1. hive import --connect jdbc:mysql://dbhost/db --table LOGIN --terminated-by ',' --hive-import
2. hive import --connect jdbc:mysql://dbhost/db --table LOGIN --fields-terminated-by ',' --hive-import
3. Access Mostly Uused Products by 50000+ Subscribers
4. sqoop import --connect jdbc:mysql://dbhost/db --table LOGIN --fields-terminated-by ',' --hive-import
Ans : 4
Exp : Sqoop import to a Hive table requires the import option followed by the --table option to specify the database table name and the --hive-import option. If --hive-table is not specified, the Hive table will have the same name as the imported database table. If --hive-overwrite is specified, the Hive table will be overwritten if it exists. If the --fields-terminated-by option is set, it controls the character used to separate the fields in the Hive table's data files.

Watch Hadoop Professional training Module : 22 by www.HadoopExam.com
http://hadoopexam.com/index.html/#hadoop-training

Question : Which two daemons typically run on each slave node in a Hadoop cluster running MapReduce v (MRv) on YARN?

1. TaskTracker

2. Secondary NameNode

3. NodeManager

4. DataNode

5. ZooKeeper

6. JobTracker

7. NameNode

8. JournalNode

1. 1,2
2. 2,3
3. Access Mostly Uused Products by 50000+ Subscribers
4. 5,6
4. 7,8

Correct Answer : Get Lastest Questions and Answer :

Explanation: Each slave node in a cluster configured to run MapReduce v2 (MRv2) on YARN typically runs a DataNode daemon (for HDFS functions) and NodeManager daemon (for YARN functions). The NodeManager handles communication with the ResourceManager, oversees application container lifecycles, monitors CPU and memory resource use of the containers, tracks the node health, and handles log management. It also makes available a number of auxiliary services to YARN applications.
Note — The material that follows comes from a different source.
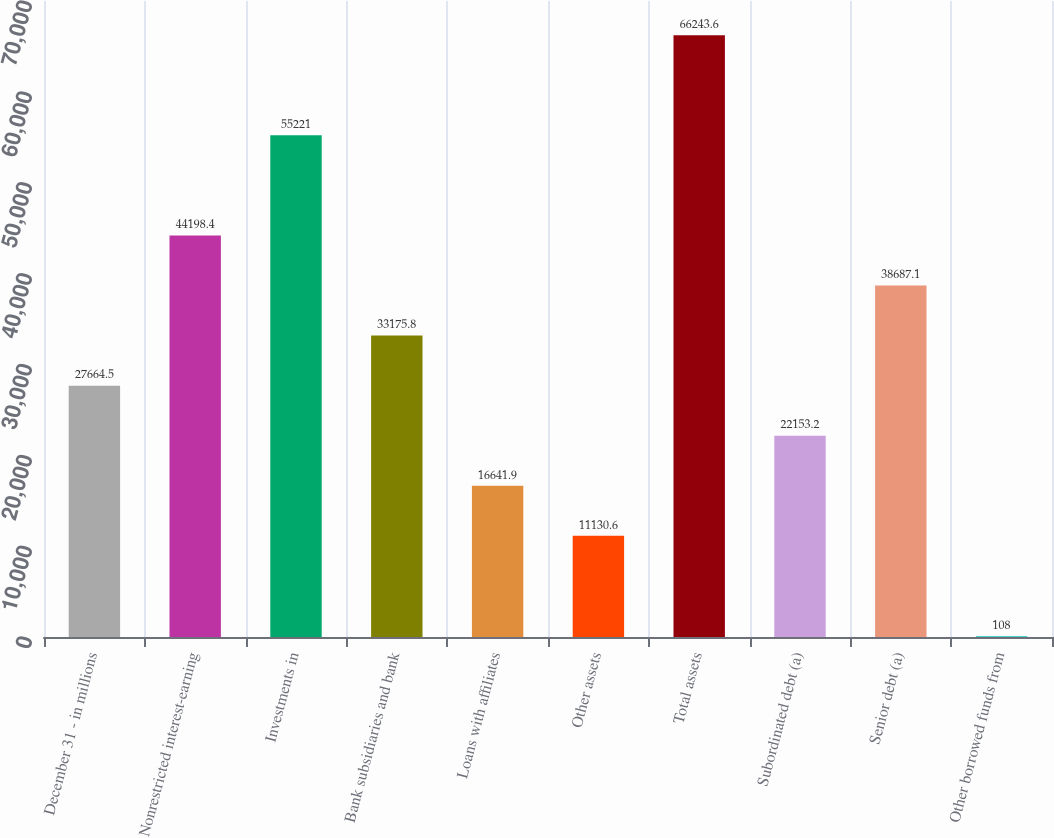Convert chart to OTSL. <chart><loc_0><loc_0><loc_500><loc_500><bar_chart><fcel>December 31 - in millions<fcel>Nonrestricted interest-earning<fcel>Investments in<fcel>Bank subsidiaries and bank<fcel>Loans with affiliates<fcel>Other assets<fcel>Total assets<fcel>Subordinated debt (a)<fcel>Senior debt (a)<fcel>Other borrowed funds from<nl><fcel>27664.5<fcel>44198.4<fcel>55221<fcel>33175.8<fcel>16641.9<fcel>11130.6<fcel>66243.6<fcel>22153.2<fcel>38687.1<fcel>108<nl></chart>

You can also Refer/Consider Advance Hadoop YARN Training by HadoopExam.com

Question : How does the Hadoop framework determine the number of Mappers required for a MapReduce job on a cluster running MapReduce v (MRv) on YARN?
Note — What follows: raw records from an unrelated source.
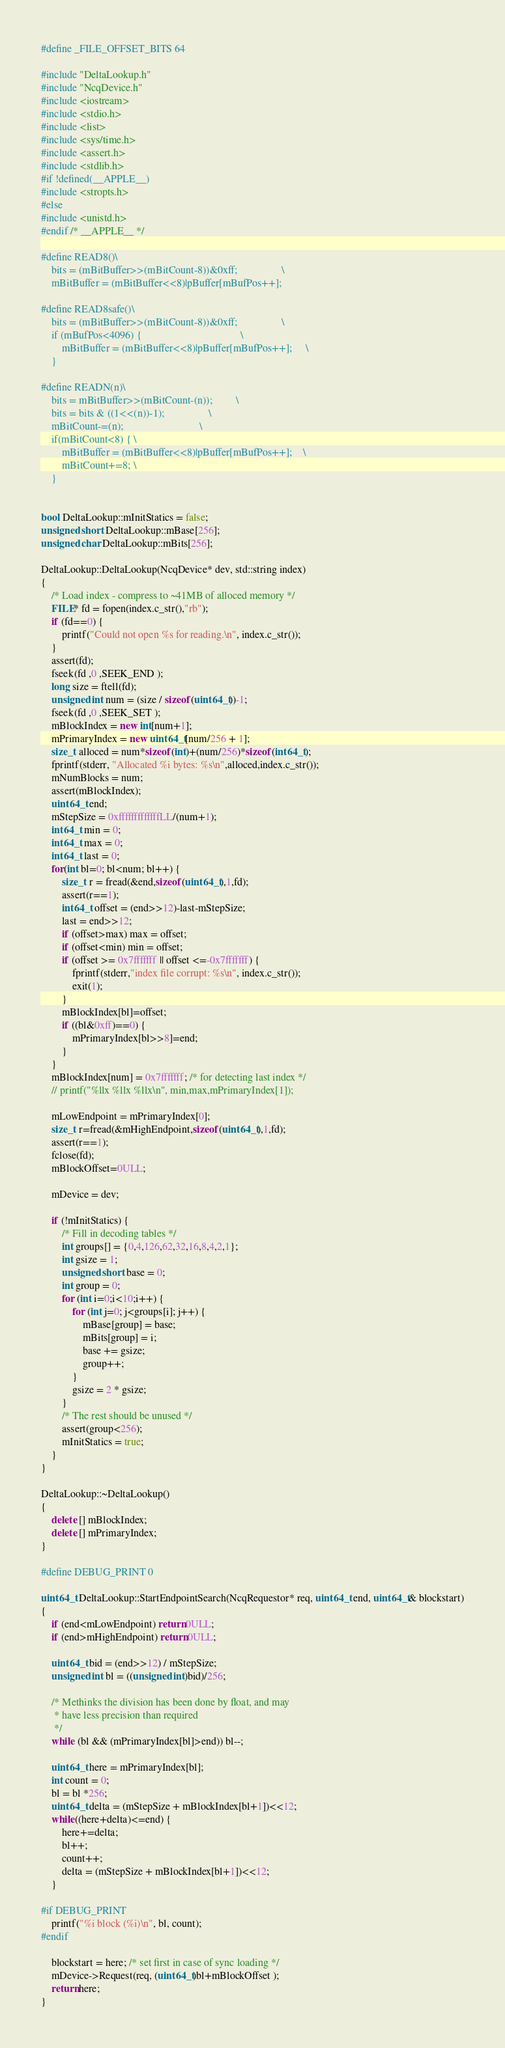<code> <loc_0><loc_0><loc_500><loc_500><_C++_>#define _FILE_OFFSET_BITS 64

#include "DeltaLookup.h"
#include "NcqDevice.h"
#include <iostream>
#include <stdio.h>
#include <list>
#include <sys/time.h>
#include <assert.h>
#include <stdlib.h>
#if !defined(__APPLE__)
#include <stropts.h>
#else 
#include <unistd.h>
#endif /* __APPLE__ */

#define READ8()\
    bits = (mBitBuffer>>(mBitCount-8))&0xff;                 \
    mBitBuffer = (mBitBuffer<<8)|pBuffer[mBufPos++];

#define READ8safe()\
    bits = (mBitBuffer>>(mBitCount-8))&0xff;                 \
    if (mBufPos<4096) {                                      \
        mBitBuffer = (mBitBuffer<<8)|pBuffer[mBufPos++];     \
    }

#define READN(n)\
    bits = mBitBuffer>>(mBitCount-(n));         \
    bits = bits & ((1<<(n))-1);                 \
    mBitCount-=(n);                             \
    if(mBitCount<8) { \
        mBitBuffer = (mBitBuffer<<8)|pBuffer[mBufPos++];    \
        mBitCount+=8; \
    } 


bool DeltaLookup::mInitStatics = false;
unsigned short DeltaLookup::mBase[256];
unsigned char DeltaLookup::mBits[256];

DeltaLookup::DeltaLookup(NcqDevice* dev, std::string index)
{
    /* Load index - compress to ~41MB of alloced memory */
    FILE* fd = fopen(index.c_str(),"rb");
    if (fd==0) {
        printf("Could not open %s for reading.\n", index.c_str());
    }
    assert(fd);
    fseek(fd ,0 ,SEEK_END );
    long size = ftell(fd);
    unsigned int num = (size / sizeof(uint64_t))-1;
    fseek(fd ,0 ,SEEK_SET );
    mBlockIndex = new int[num+1];
    mPrimaryIndex = new uint64_t[num/256 + 1];
    size_t alloced = num*sizeof(int)+(num/256)*sizeof(int64_t);
    fprintf(stderr, "Allocated %i bytes: %s\n",alloced,index.c_str());
    mNumBlocks = num;
    assert(mBlockIndex);
    uint64_t end;
    mStepSize = 0xfffffffffffffLL/(num+1);
    int64_t min = 0;
    int64_t max = 0;
    int64_t last = 0;
    for(int bl=0; bl<num; bl++) {
        size_t r = fread(&end,sizeof(uint64_t),1,fd);
        assert(r==1);
        int64_t offset = (end>>12)-last-mStepSize;
        last = end>>12;
        if (offset>max) max = offset;
        if (offset<min) min = offset;
        if (offset >= 0x7fffffff || offset <=-0x7fffffff) {
            fprintf(stderr,"index file corrupt: %s\n", index.c_str());
            exit(1);
        }
        mBlockIndex[bl]=offset;
        if ((bl&0xff)==0) {
            mPrimaryIndex[bl>>8]=end;
        }
    }
    mBlockIndex[num] = 0x7fffffff; /* for detecting last index */
    // printf("%llx %llx %llx\n", min,max,mPrimaryIndex[1]);

    mLowEndpoint = mPrimaryIndex[0];
    size_t r=fread(&mHighEndpoint,sizeof(uint64_t),1,fd);
    assert(r==1);
    fclose(fd);
    mBlockOffset=0ULL;

    mDevice = dev;

    if (!mInitStatics) {
        /* Fill in decoding tables */
        int groups[] = {0,4,126,62,32,16,8,4,2,1};
        int gsize = 1;
        unsigned short base = 0;
        int group = 0;
        for (int i=0;i<10;i++) {
            for (int j=0; j<groups[i]; j++) {
                mBase[group] = base;
                mBits[group] = i;
                base += gsize;
                group++;
            }
            gsize = 2 * gsize;
        }
        /* The rest should be unused */
        assert(group<256);
        mInitStatics = true;
    }
}

DeltaLookup::~DeltaLookup()
{
    delete [] mBlockIndex;
    delete [] mPrimaryIndex;
}

#define DEBUG_PRINT 0

uint64_t DeltaLookup::StartEndpointSearch(NcqRequestor* req, uint64_t end, uint64_t& blockstart)
{
    if (end<mLowEndpoint) return 0ULL;
    if (end>mHighEndpoint) return 0ULL;

    uint64_t bid = (end>>12) / mStepSize;
    unsigned int bl = ((unsigned int)bid)/256;

    /* Methinks the division has been done by float, and may 
     * have less precision than required
     */
    while (bl && (mPrimaryIndex[bl]>end)) bl--;

    uint64_t here = mPrimaryIndex[bl];
    int count = 0;
    bl = bl *256;
    uint64_t delta = (mStepSize + mBlockIndex[bl+1])<<12;
    while((here+delta)<=end) {
        here+=delta;
        bl++;
        count++;
        delta = (mStepSize + mBlockIndex[bl+1])<<12;
    }

#if DEBUG_PRINT
    printf("%i block (%i)\n", bl, count);
#endif

    blockstart = here; /* set first in case of sync loading */
    mDevice->Request(req, (uint64_t)bl+mBlockOffset );
    return here;
}
</code>

1. The number of Mappers is equal to the number of InputSplits calculated by the client submitting the job
2. The ApplicationMaster chooses the number based on the number of available nodes

3. Access Mostly Uused Products by 50000+ Subscribers
4. NodeManager where the job's HDFS blocks reside
5. The developer specifies the number in the job configuration

Correct Answer : Get Lastest Questions and Answer :
Each Mapper task processes a single InputSplit. The client calculates the InputSplits before submitting the job to the cluster. The developer may specify how the input split is calculated, with a single HDFS block being the most common split. This is true for both MapReduce v1 (MRv1) and YARN MapReduce implementations.

With YARN, each mapper will be run in a container which consists of a specific amount of CPU and memory resources. The ApplicationMaster requests a container for each mapper. The ResourceManager schedules the resources and instructs the ApplicationMaster of available NodeManagers where the container may be launched.

With MRv1, each Tasktracker (slave node) is configured to handle a maximum number of concurrent map tasks. The JobTracker (master node) assigns a Tasktracker a specific Inputslit to process as a single map task.

You can also Refer/Consider Advance Hadoop YARN Training by HadoopExam.com

Question : In a Sqoop job Assume $PREVIOUSREFRESH contains a date:time string for the last time the import was run, e.g., '-- ::'.
Which of the following import command control arguments prevent a repeating Sqoop job from downloading the entire EVENT table every day?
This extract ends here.